Francisco Casacuberta Nolla
2022
English-Russian Data Augmentation for Neural Machine Translation
Nikita Teslenko Grygoryev
|
Mercedes Garcia Martinez
|
Francisco Casacuberta Nolla
|
Amando Estela Pastor
|
Manuel Herranz
Proceedings of the 15th biennial conference of the Association for Machine Translation in the Americas (Workshop 2: Corpus Generation and Corpus Augmentation for Machine Translation)

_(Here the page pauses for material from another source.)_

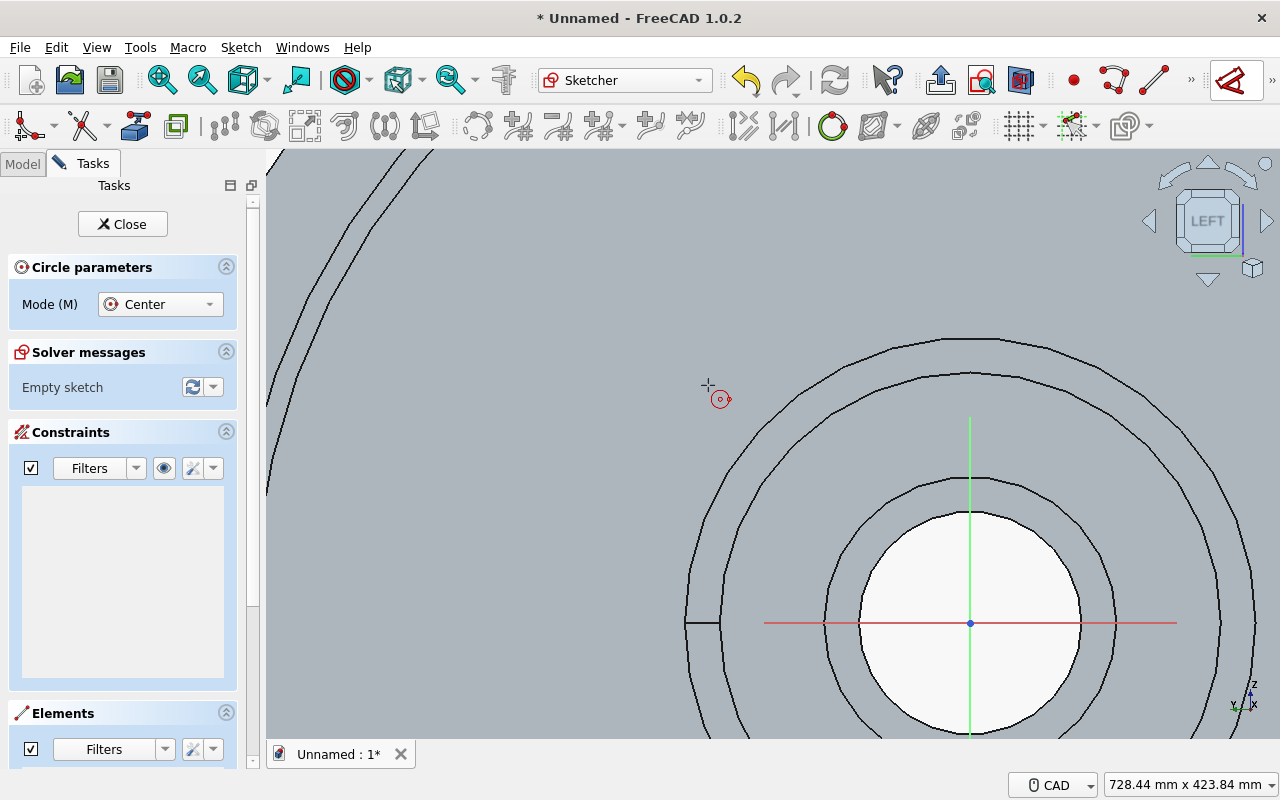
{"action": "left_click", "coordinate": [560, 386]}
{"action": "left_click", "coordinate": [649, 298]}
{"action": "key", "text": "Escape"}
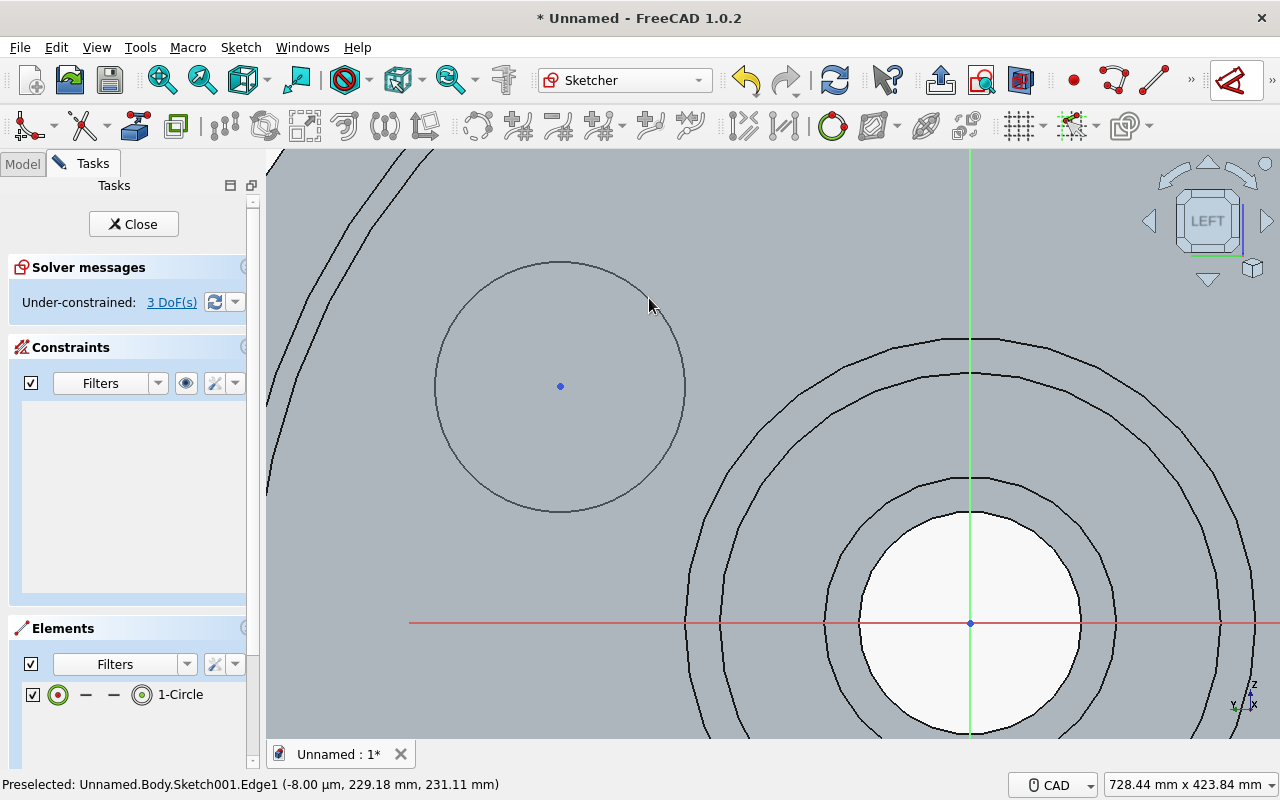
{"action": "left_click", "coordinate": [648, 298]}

Data Augmentation (DA) refers to strategies for increasing the diversity of training examples without explicitly collecting new data manually. We have used neural networks and linguistic resources for the automatic generation of text in Russian. The system generates new texts using information from embeddings trained with a huge amount of data in neural language models. Data from the public domain have been used for experiments. The generation of these texts increases the corpus used to train models for NLP tasks, such as machine translation. Finally, an analysis of the results obtained evaluating the quality of generated texts has been carried out and those texts have been added to the training process of Neural Machine Translation (NMT) models. In order to evaluate the quality of the NMT models, firstly, these models have been compared performing a quantitative analysis by means of several standard automatic metrics used in machine translation, and measuring the time spent and the amount of text generated for a good use in the language industry. Secondly, NMT models have been compared through a qualitative analysis, where generated examples of translation have been exposed and compared with each other. Using our DA method, we achieve better results than a baseline model by fine tuning NMT systems with the newly generated datasets.